(Stored data)
· · ·

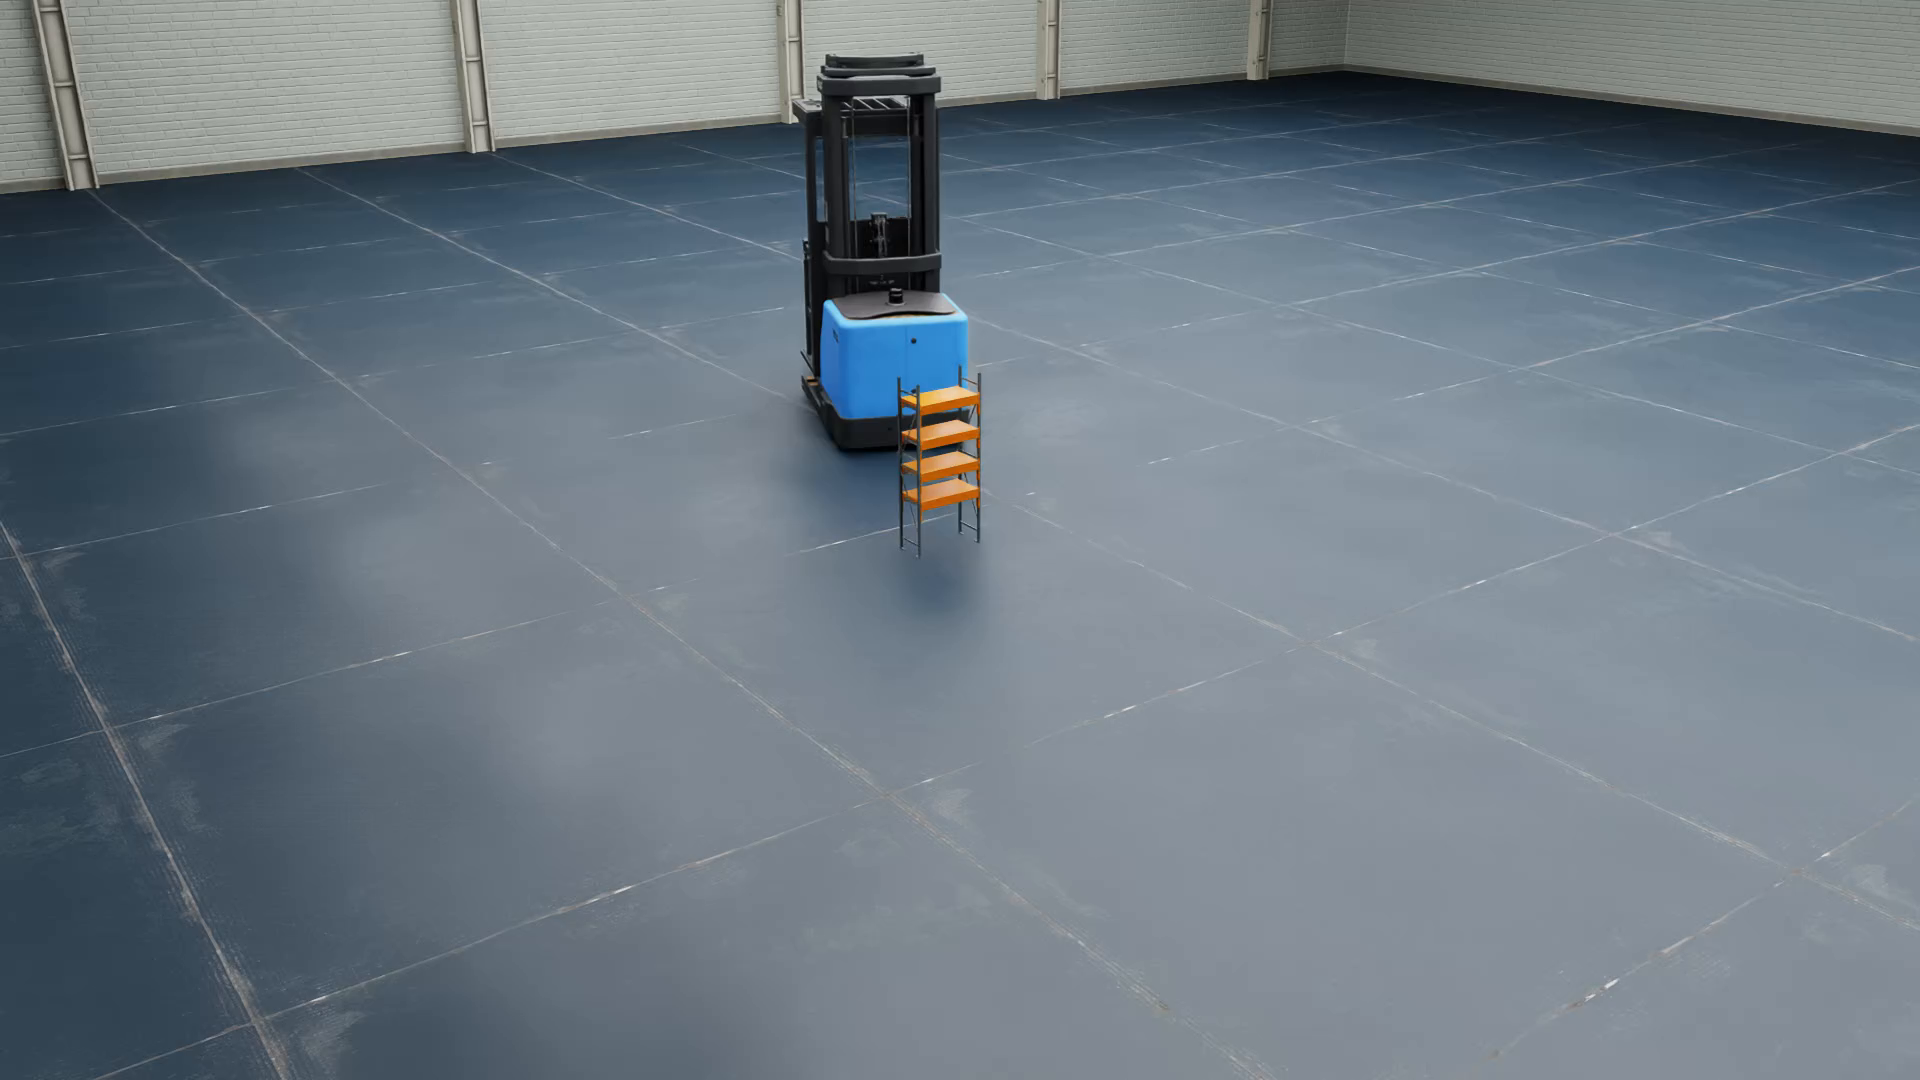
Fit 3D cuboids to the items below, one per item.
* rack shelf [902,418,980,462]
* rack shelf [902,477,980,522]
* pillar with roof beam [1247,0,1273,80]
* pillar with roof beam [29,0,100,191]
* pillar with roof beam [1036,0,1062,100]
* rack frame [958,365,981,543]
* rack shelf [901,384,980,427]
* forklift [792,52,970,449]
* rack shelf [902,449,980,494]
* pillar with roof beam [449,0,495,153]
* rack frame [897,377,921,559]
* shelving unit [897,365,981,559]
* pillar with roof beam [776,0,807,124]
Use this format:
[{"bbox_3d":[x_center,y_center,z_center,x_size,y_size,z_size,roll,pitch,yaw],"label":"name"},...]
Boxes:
[{"bbox_3d":[-0.134,-0.667,11.026,0.480,0.148,0.258,-15,26,-33],"label":"rack shelf"},{"bbox_3d":[-0.134,-0.275,11.183,0.480,0.148,0.258,-15,26,-33],"label":"rack shelf"},{"bbox_3d":[9.182,-13.227,32.403,0.400,9.000,9.100,-15,26,-33],"label":"pillar with roof beam"},{"bbox_3d":[-10.300,-8.033,19.384,0.400,9.000,9.100,-15,26,-33],"label":"pillar with roof beam"},{"bbox_3d":[4.311,-11.929,29.148,0.400,9.000,9.100,-15,26,-33],"label":"pillar with roof beam"},{"bbox_3d":[0.064,-0.574,11.217,0.015,1.200,0.240,-15,26,-33],"label":"rack frame"},{"bbox_3d":[-0.134,-0.886,10.939,0.480,0.148,0.258,-15,26,-33],"label":"rack shelf"},{"bbox_3d":[-0.766,-2.591,13.935,1.130,2.935,3.031,-5,22,-13],"label":"forklift"},{"bbox_3d":[-0.134,-0.459,11.109,0.480,0.148,0.258,-15,26,-33],"label":"rack shelf"},{"bbox_3d":[-5.430,-9.331,22.639,0.400,9.000,9.100,-15,26,-33],"label":"pillar with roof beam"},{"bbox_3d":[-0.332,-0.469,10.952,0.015,1.200,0.240,-15,26,-33],"label":"rack frame"},{"bbox_3d":[-0.134,-0.521,11.084,0.503,1.200,0.258,-15,26,-33],"label":"shelving unit"},{"bbox_3d":[-0.559,-10.630,25.893,0.400,9.000,9.100,-15,26,-33],"label":"pillar with roof beam"}]
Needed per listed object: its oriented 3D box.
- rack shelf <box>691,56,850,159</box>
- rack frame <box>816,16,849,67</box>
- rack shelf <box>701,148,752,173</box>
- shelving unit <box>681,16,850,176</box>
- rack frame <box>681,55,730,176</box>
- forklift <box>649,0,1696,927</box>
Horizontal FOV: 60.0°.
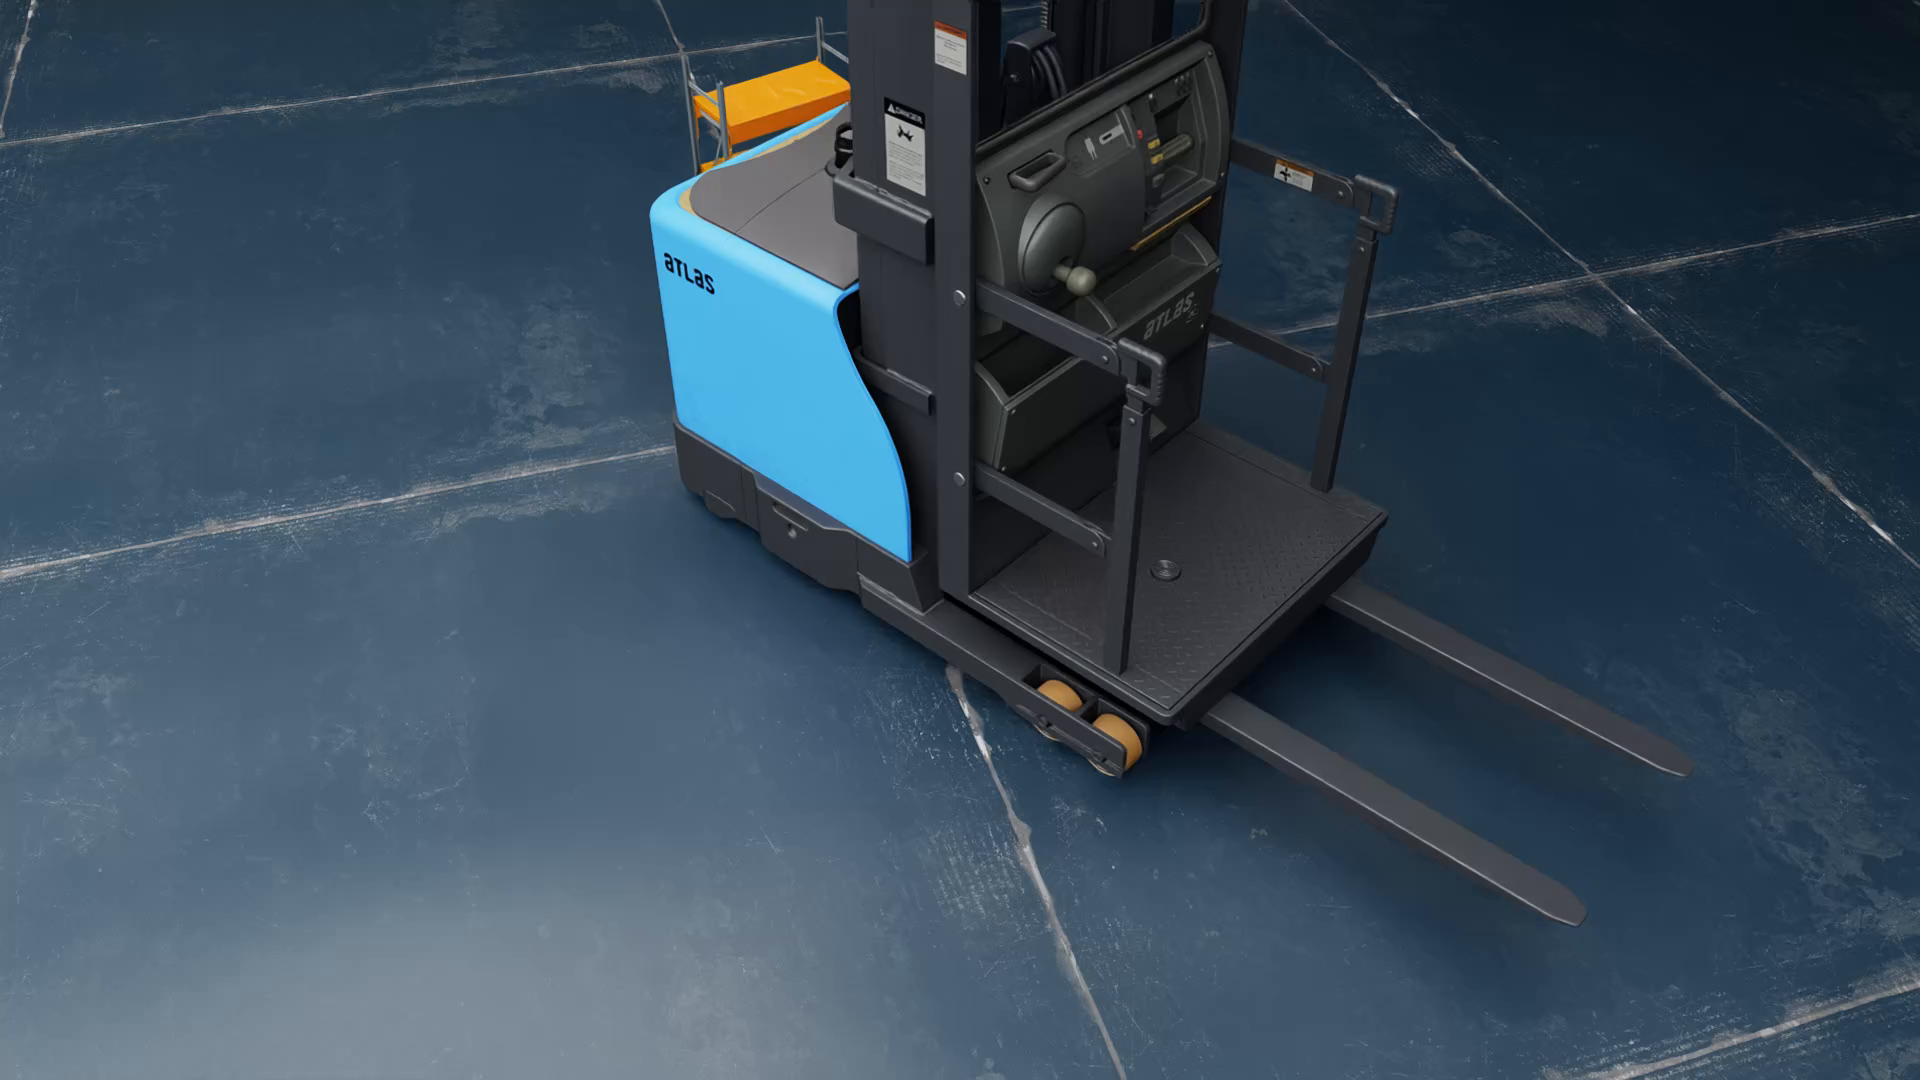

· · ·

» WHAT NEEDS TO BE DONE: The required output is an exact copy of the lines from the one with "- shelving unit <box>681,16,850,176</box>" through the final line of the data above, with pictures removed.

» RESPONSE TO THE EXERCISE:
- shelving unit <box>681,16,850,176</box>
- rack frame <box>681,55,730,176</box>
- forklift <box>649,0,1696,927</box>
Horizontal FOV: 60.0°.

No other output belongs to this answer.